__Collected data entries__
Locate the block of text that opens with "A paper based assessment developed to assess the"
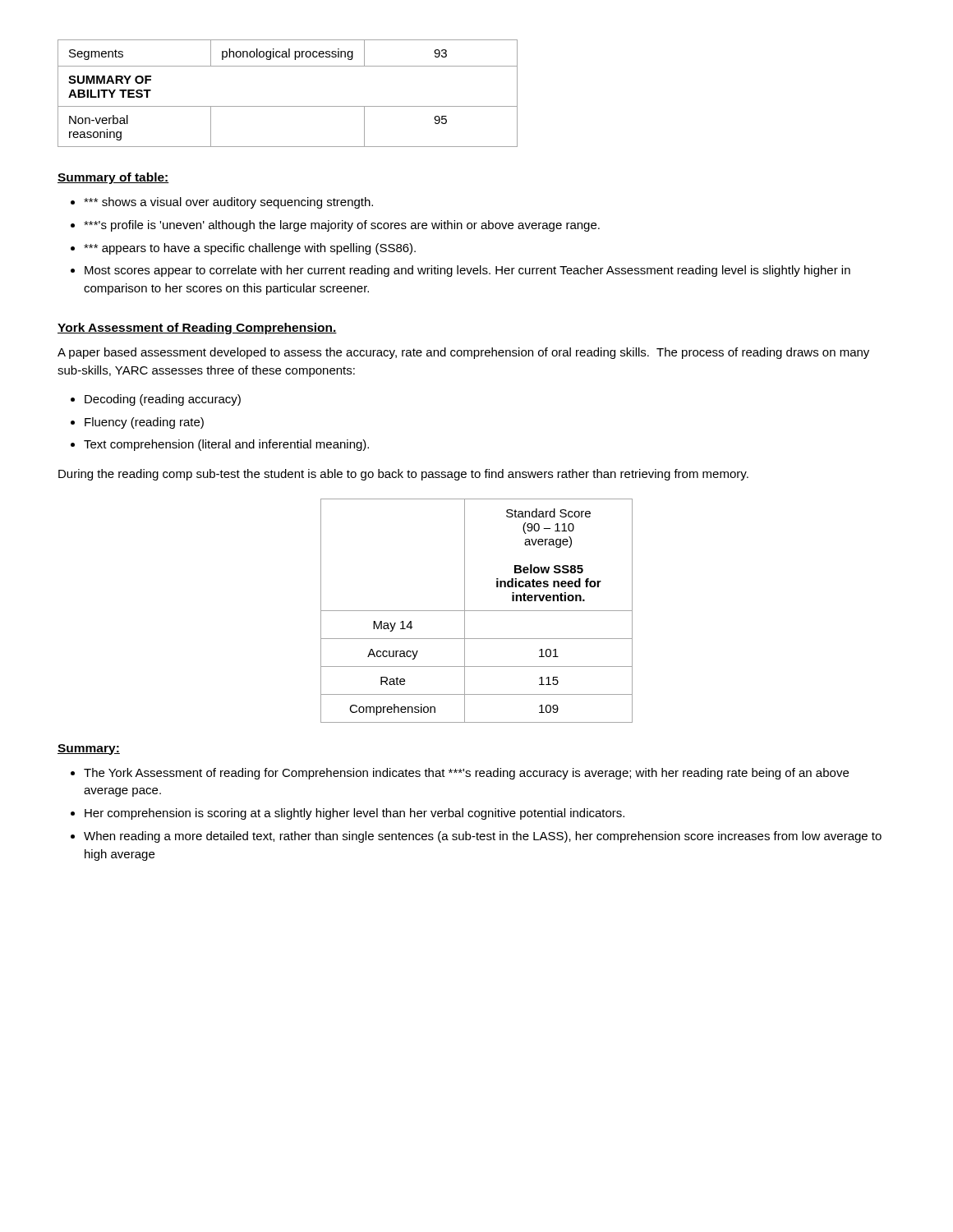 click(x=463, y=361)
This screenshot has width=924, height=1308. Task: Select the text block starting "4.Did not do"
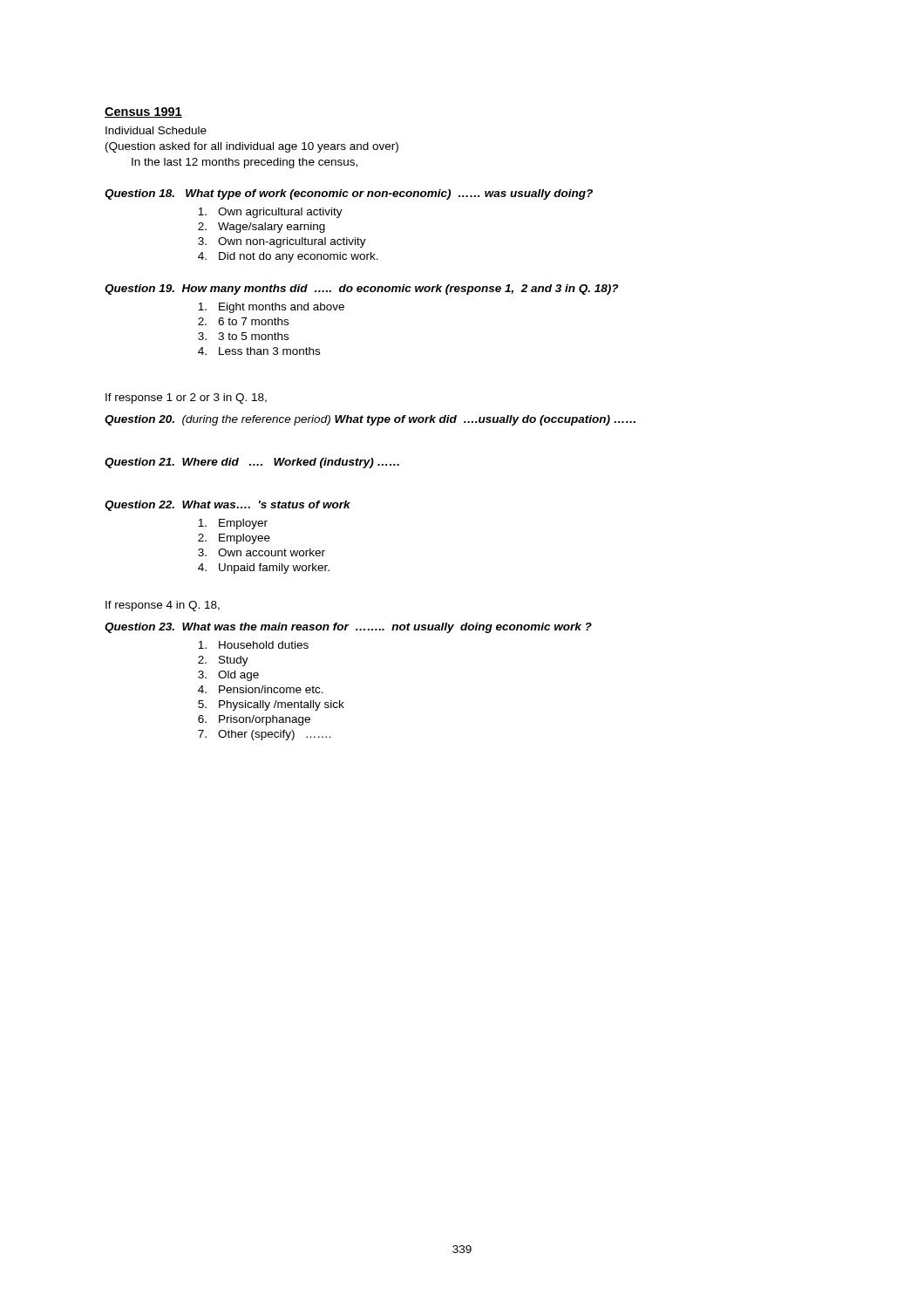pos(285,256)
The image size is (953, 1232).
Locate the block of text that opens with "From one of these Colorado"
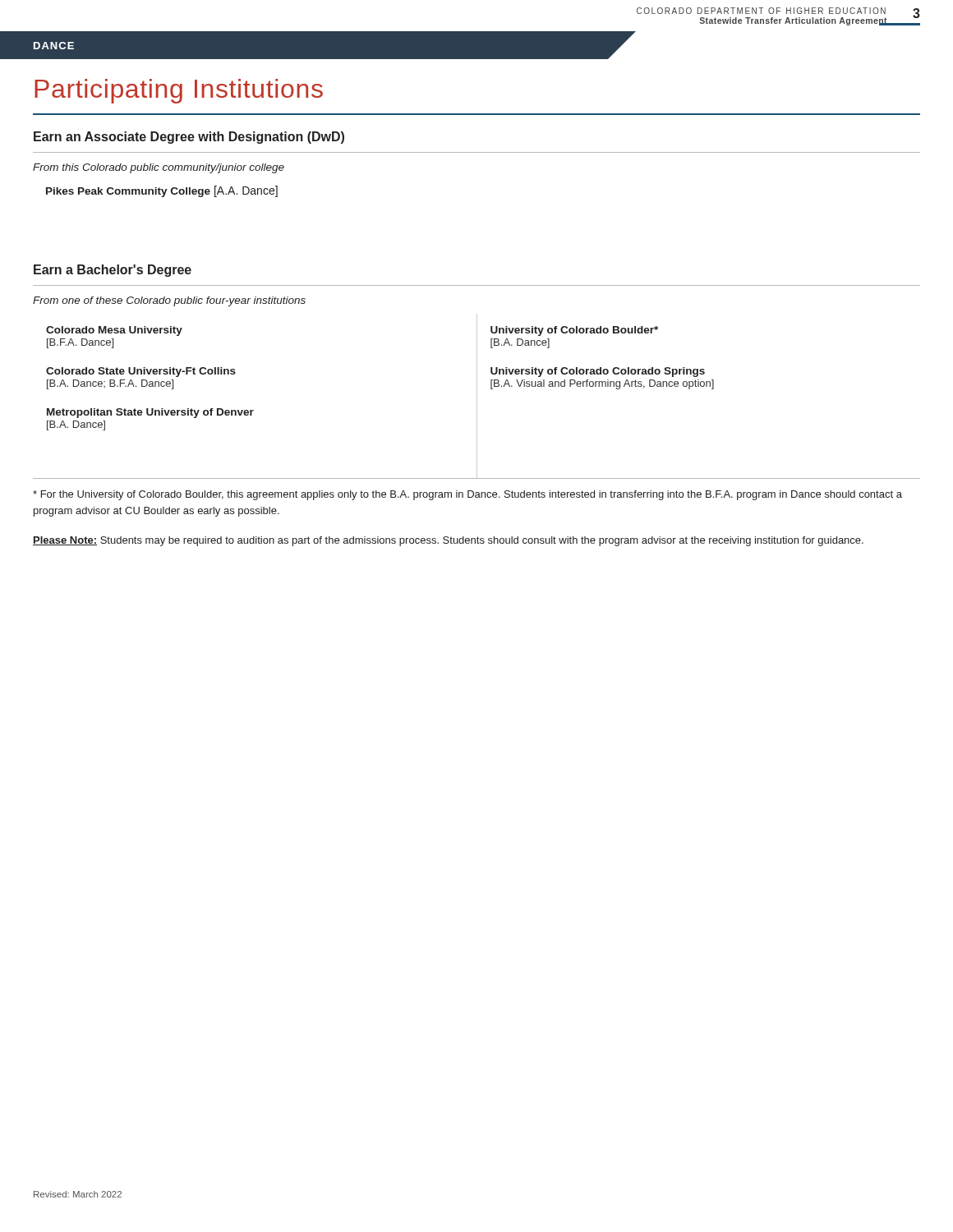point(169,300)
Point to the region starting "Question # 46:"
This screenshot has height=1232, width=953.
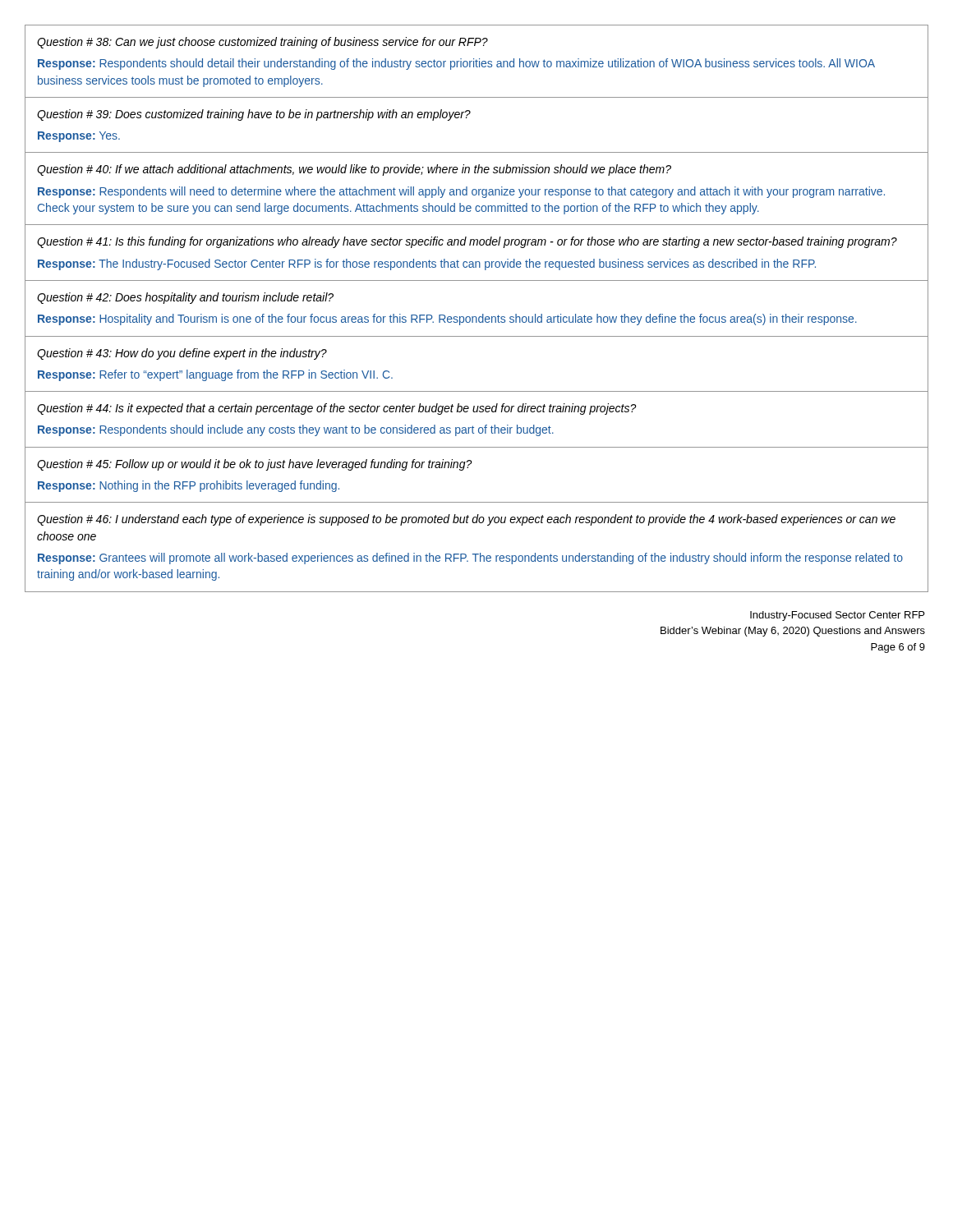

__WORK REQUEST__
Repeat the data word for word; drop the pictures.

__EXERCISE RESULT__
Locate the block of text that opens with "A paper based assessment developed to assess the"
 click(x=463, y=361)
This screenshot has width=924, height=1308. Task: Select the text block starting "4.Did not do"
pos(285,256)
The image size is (953, 1232).
Locate the block of text that opens with "From one of these Colorado"
point(169,300)
Point to the region starting "Question # 46:"
This screenshot has height=1232, width=953.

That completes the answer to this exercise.